研究課題/領域番号 |
21K17751
|
研究種目 |
若手研究
|
配分区分 | 基金 |
審査区分 |
小区分60090:高性能計算関連
|
研究機関 | 国立研究開発法人産業技術総合研究所 |
研究代表者 |
Nguyen Truong 国立研究開発法人産業技術総合研究所, 情報・人間工学領域, 研究員 (60835346)
|
研究期間 (年度) |
2021-04-01 – 2024-03-31
|
研究課題ステータス |
交付 (2022年度)
|
配分額 *注記 |
4,680千円 (直接経費: 3,600千円、間接経費: 1,080千円)
2023年度: 1,430千円 (直接経費: 1,100千円、間接経費: 330千円)
2022年度: 1,820千円 (直接経費: 1,400千円、間接経費: 420千円)

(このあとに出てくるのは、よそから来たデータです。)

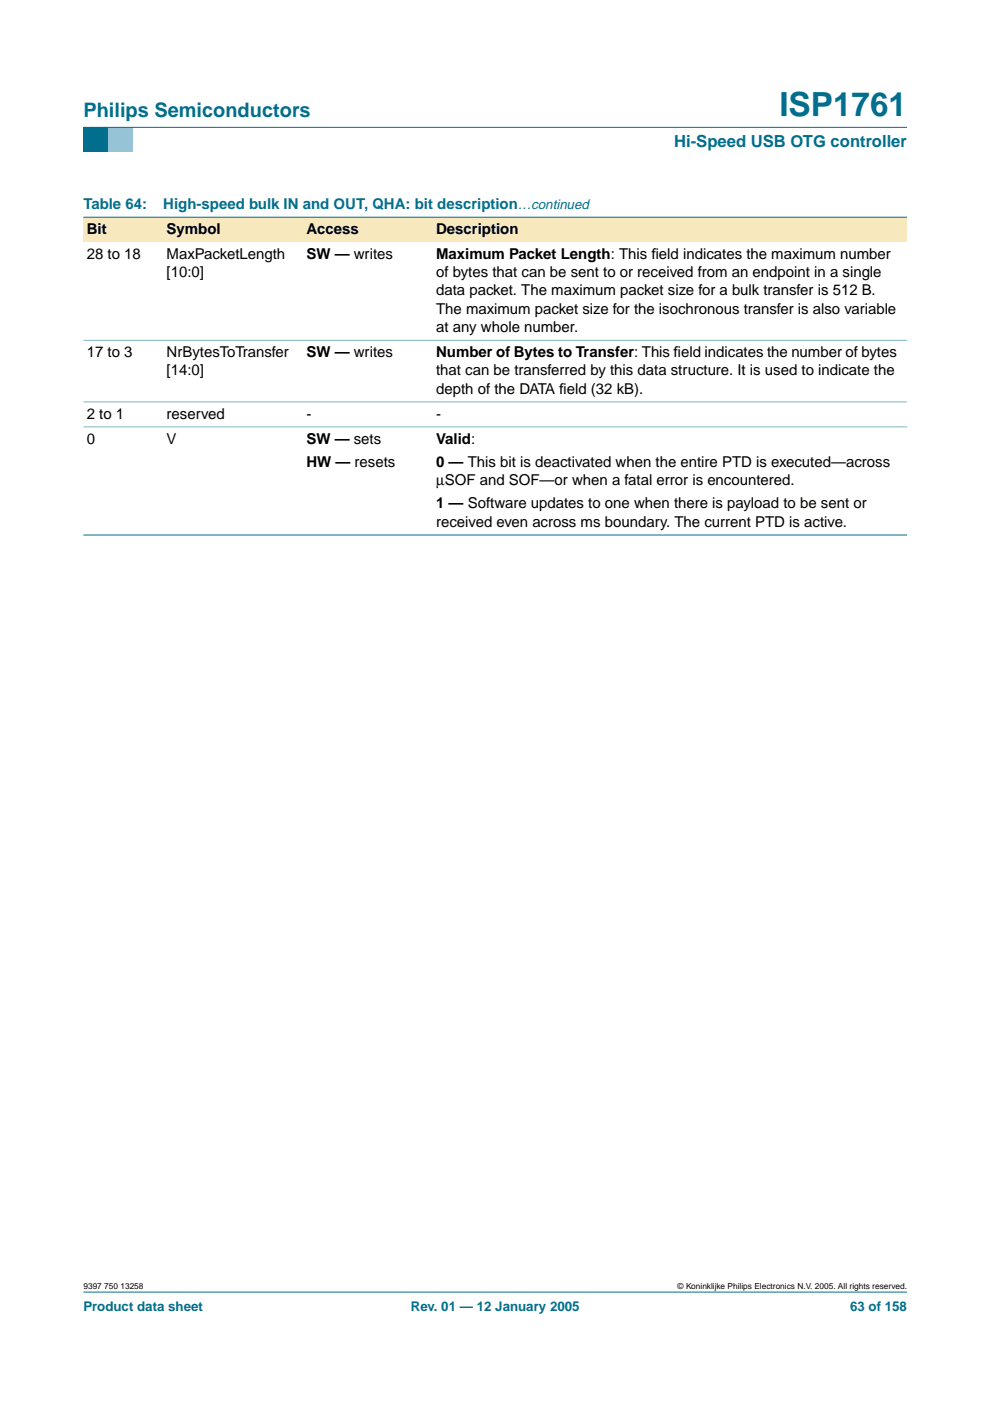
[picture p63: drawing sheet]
<svg xmlns="http://www.w3.org/2000/svg" width="210mm" height="297mm" viewBox="0 0 210 297" stroke-linecap="round" stroke-linejoin="round" font-family="sans-serif">
<defs><g id="words">
<text font-size="7.1" fill="#006e8c" x="165.2" y="24.7">ISP1761</text>
<text font-size="4.2" fill="#006e8c" x="17.7" y="24.9">Philips Semiconductors</text>
<text font-size="3.5" fill="#006e8c" x="142.9" y="31.1">Hi-Speed USB OTG controller</text>
<g font-size="3.2" fill="#006e8c">
<text x="17.7" y="44.3">Table 64:</text>
<text x="34.6" y="44.3">High-speed bulk IN and OUT, QHA: bit description…continued</text>
</g>
<g font-size="3.2">
<text x="18.4" y="49.6">Bit</text>
<text x="35.3" y="49.6">Symbol</text>
<text x="65" y="49.6">Access</text>
<text x="92.5" y="49.6">Description</text>
<text x="18.4" y="54.9">28 to 18</text>
<text x="35.3" y="54.9">MaxPacketLength</text>
<text x="35.3" y="58.8">[10:0]</text>
<text x="65" y="54.9">SW — writes</text>
<text x="92.5" y="54.9">Maximum Packet Length: This f</text>
<text x="92.5" y="58.8">of bytes that can be sent to or received from an endpoint in a single</text>
<text x="138.1" y="54.9">ield indicates the maximum number</text>
<text x="92.5" y="62.6">data packet. The maximum packet size for a bulk transfer is 512 B.</text>
<text x="92.5" y="66.5">The maximum packet size for the isochronous transfer is also variable</text>
<text x="92.5" y="70.4">at any whole number.</text>
<text x="18.4" y="75.7">17 to 3</text>
<text x="35.3" y="75.7">NrBytesToTransfer</text>
<text x="65" y="75.7">SW — writes</text>
<text x="92.5" y="75.7">Number of Bytes to Transfer: This f</text>
<text x="142.8" y="75.7">ield indicates the number of bytes</text>
<text x="35.3" y="79.6">[14:0]</text>
<text x="92.5" y="79.6">that can be transferred by this data structure. It is used to indicate the</text>
<text x="92.5" y="83.4">depth of the DATA f</text>
<text x="118.6" y="83.4">ield (32 kB).</text>
<text x="18.4" y="88.7">2 to 1</text>
<text x="35.3" y="88.7">reserved</text>
<text x="65" y="88.7">-</text>
<text x="92.5" y="88.7">-</text>
<text x="18.4" y="94">0</text>
<text x="35.3" y="94">V</text>
<text x="65" y="94">SW — sets</text>
<text x="92.5" y="94">Valid:</text>
<text x="65" y="99">HW — resets</text>
<text x="92.5" y="99">0 — This bit is deactivated when the entire PTD is executed—across</text>
<text x="92.5" y="102.9">µSOF and SOF—or when a fatal error is encountered.</text>
<text x="92.5" y="107.8">1 — Software updates to one when there is payload to be sent or</text>
<text x="92.5" y="111.7">received even across ms boundary. The current PTD is active.</text>
</g>
<g font-size="2.8" fill="#006e8c">
<text x="17.7" y="278">Product data sheet</text>
<text x="87.1" y="278">Rev. 01 — 12 January 2005</text>
<text x="180.2" y="278">63 of 158</text>
</g>
<g font-size="1.8">
<text x="17.7" y="273.4">9397 750 13258</text>
<text x="143.7" y="273.4">© Koninklijke Philips Electronics N.V. 2005. All rights reserved.</text>
</g>
</g></defs>
<path d="M17.7 273.9h174.6z" fill="#006e8c" stroke="#006e8c" stroke-width=".21"/>
<path d="M17.7 27h5.3v5.3h-5.3z" fill-rule="evenodd" fill="#006e8c"/>
<path d="M23 27h5.3v5.3h-5.3z" fill-rule="evenodd" fill="#96c4d6"/>
<path d="M17.7 27h174.6z" fill="#006e8c" stroke="#006e8c" stroke-width=".21"/>
<g fill="#f7e8bd">
<path d="M17.7 46.1h16.9v5.2h-16.9z" fill-rule="evenodd"/>
<path d="M34.6 46.1h29.7v5.2h-29.7z" fill-rule="evenodd"/>
<path d="M64.3 46.1h27.5v5.2h-27.5z" fill-rule="evenodd"/>
<path d="M91.8 46.1h100.5v5.2h-100.5z" fill-rule="evenodd"/>
</g>
<g fill="#006e8c" stroke="#006e8c" stroke-width=".21">
<path d="M17.7 46.1h174.6z"/>
<path d="M17.7 113.4h174.6z"/>
</g>
<g fill="#80b6c6" stroke="#80b6c6" stroke-width=".21">
<path d="M17.7 72.2h174.6z"/>
<path d="M17.7 85.2h174.6z"/>
<path d="M17.7 90.5h174.6z"/>
</g>
<use href="#words"/>
</svg>
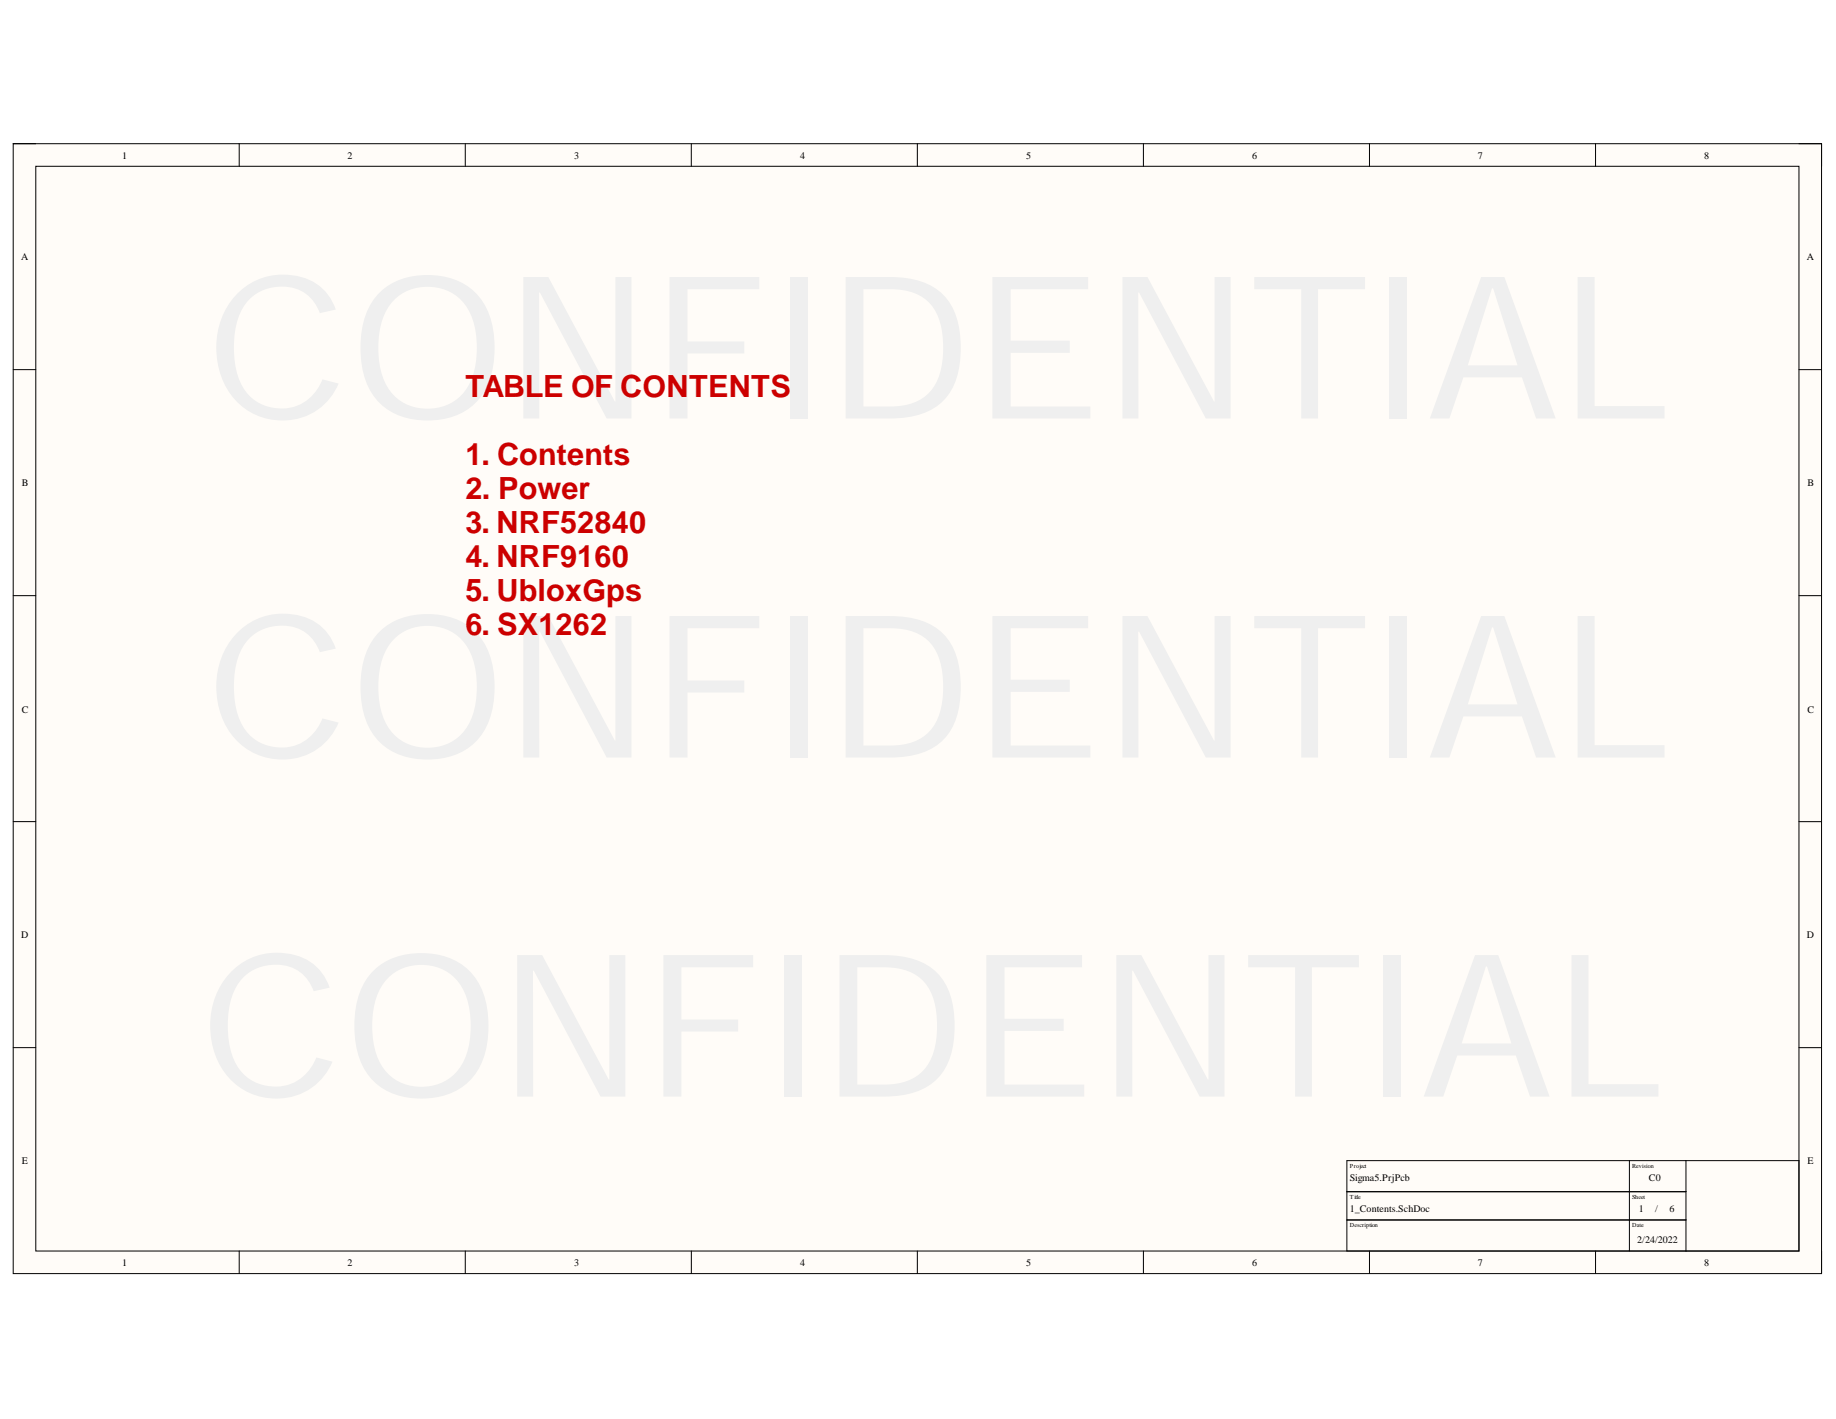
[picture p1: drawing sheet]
<svg xmlns="http://www.w3.org/2000/svg" width="279mm" height="216mm" viewBox="0 0 279 216" stroke-linecap="round" stroke-linejoin="round" font-family="sans-serif">
<defs><g id="words">
<g font-size="30.4" fill="#efefef">
<text x="31.3" y="63.7">CONFIDENTIAL</text>
<text x="31.3" y="115.3">CONFIDENTIAL</text>
</g>
<g font-size="4.7" fill="#c00">
<text x="70.8" y="60.5">TABLE OF CONTENTS</text>
<text x="70.8" y="70.8">1. Contents</text>
<text x="70.8" y="75.9">2. Power</text>
<text x="70.8" y="81.1">3. NRF52840</text>
<text x="70.8" y="86.3">4. NRF9160</text>
<text x="70.8" y="91.4">5. UbloxGps</text>
<text x="70.8" y="96.6">6. SX1262</text>
</g>
<g font-size="1.5">
<text x="18.6" y="24.2">1</text>
<text x="52.9" y="24.2">2</text>
<text x="87.4" y="24.2">3</text>
<text x="121.7" y="24.2">4</text>
<text x="156.2" y="24.2">5</text>
<text x="190.5" y="24.2">6</text>
<text x="224.9" y="24.2">7</text>
<text x="259.3" y="24.2">8</text>
<text x="3.2" y="39.6">A</text>
<text x="275" y="39.6">A</text>
<text x="3.3" y="74">B</text>
<text x="275.1" y="74">B</text>
<text x="3.3" y="108.4">C</text>
<text x="275.1" y="108.4">C</text>
<text x="3.2" y="142.7">D</text>
<text x="275" y="142.7">D</text>
<text x="3.3" y="177.2">E</text>
<text x="205.4" y="179.7">Sigma5.PrjPcb</text>
<text x="250.9" y="179.7">C0</text>
<text x="275.1" y="177.2">E</text>
<text x="205.4" y="184.4">1_Contents.SchDoc</text>
<text x="249.4" y="184.4">1</text>
<text x="251.9" y="184.4">/</text>
<text x="254.1" y="184.4">6</text>
<text x="249.2" y="189.2">2/24/2022</text>
<text x="18.6" y="192.6">1</text>
<text x="52.9" y="192.6">2</text>
<text x="87.4" y="192.6">3</text>
<text x="121.7" y="192.6">4</text>
<text x="156.2" y="192.6">5</text>
<text x="190.5" y="192.6">6</text>
<text x="224.9" y="192.6">7</text>
<text x="259.3" y="192.6">8</text>
</g>
<g font-size=".9">
<text x="205.4" y="177.8">Project</text>
<text x="248.4" y="177.8">Revision</text>
<text x="205.4" y="182.4">Title</text>
<text x="248.4" y="182.4">Sheet</text>
<text x="205.4" y="186.7">Description</text>
<text x="248.4" y="186.7">Date</text>
</g>
</g></defs>
<path d="M2 21.9h275.2v171.9h-275.2z" fill-rule="evenodd" fill="#fffcf8"/>
<path d="M2 21.9h275.2v171.9h-275.2z" fill="none" stroke="#000" stroke-width=".15"/>
<path d="M5.4 25.3h268.4v165h-268.4z" fill-rule="evenodd" fill="#fffcf8"/>
<g fill="none" stroke="#000" stroke-width=".15">
<path d="M2 21.9h3.4M5.4 25.3h268.4v165h-268.4zM36.4 21.9v3.4M70.8 21.9v3.4M105.2 21.9v3.4M139.6 21.9v3.4M174 21.9v3.4M208.4 21.9v3.4M242.8 21.9v3.4M273.8 21.9h3.4v3.4M2 56.2h3.4M273.8 56.2h3.4"/>
<path d="M2 90.6h3.4M273.8 90.6h3.4M2 125h3.4M273.8 125h3.4M2 159.4h3.4M273.8 159.4h3.4M205 176.6h68.8v13.7h-68.8zM248 176.6v13.7M256.6 176.6v13.7M36.4 190.3v3.5M70.8 190.3v3.5M105.2 190.3v3.5"/>
<path d="M139.6 190.3v3.5M174 190.3v3.5M205 181.3h51.6M205 185.6h51.6M208.4 190.3v3.5M242.8 190.3v3.5M277.2 190.3v3.5"/>
</g>
<use href="#words"/>
</svg>

2021年度: 1,430千円 (直接経費: 1,100千円、間接経費: 330千円)
|
キーワード | Deep Learning / Large Scale / Distributed Computing / Non-IID / Large-scale / Distributed computing / Hybrid parallelism |
研究開始時の研究の概要 |
This proposal try to find techniques that help to speed-up the training/inference process of Distributed Deep Learning. The proposed research project includes several research topics: (1) Hybrid-parallelism design:(1.1) Study the limitation of different parallelism strategies and (1.2) find novel fine-grained hybrid parallelism strategies for each type of specific applications (2) Method to reduce communication time via (2.1) optimizing the communication mechanism for each type of network architecture in supercomputers and (2.2)study the method to reduce network contention.
|
研究実績の概要 |
This year, we develop new methods to reduce the computing time by eliminating non-important samples during the training process (submitted to ICML2023). Through our previous work (IPDPS2022), we found that local shuffling could not achieve good accuracy in large-scale training due to non-iid data and overfitting issues. We deal with non-iid by assigning the impact factor for the models from different workers dynamically and use knowledge distillation for dealing with overfitting. The work is the Best Paper Award Finalist in CCGRID2023. We study the method to reduce the communication time by a co-design of collective communication algorithm and the intra-node network architecture (a Q1-journal JPDC is accepted) and the inter-node network architecture (poster at HPCA-Asia2023).
|
現在までの達成度 (区分) |
現在までの達成度 (区分)
1: 当初の計画以上に進展している
理由
We enlarge our international collaborative research with Telecom SudParis France, Hanoi University of Science and Technology (HUST) Vietnam, and VinUni-Illinois Smart Health Center VinUniversity Vietnam. The CCGRID2023 paper (PI is the corresponding author) is selected as one of the best paper award finalist papers (top 4 over 58 accepted papers, over 275 submitted papers). In the ICML2023 paper, empirical results on various large-scale datasets and models used directly in image classification and segmentation show that while the with-replacement importance sampling algorithm performs poorly on large datasets, our method can reduce total training time by up to 22% impacting accuracy only by 0.4% compared to the baseline.
|
今後の研究の推進方策 |
We continue to investigate (1) the extension of work on I/O to reduce the overhead of partial local shuffling at scale, and (2) the extension of the methods to reduce the computing time by eliminating non-important samples during the training process. We also study (3) the method to reduce communication time by applying the overlapping of communication and computation.
|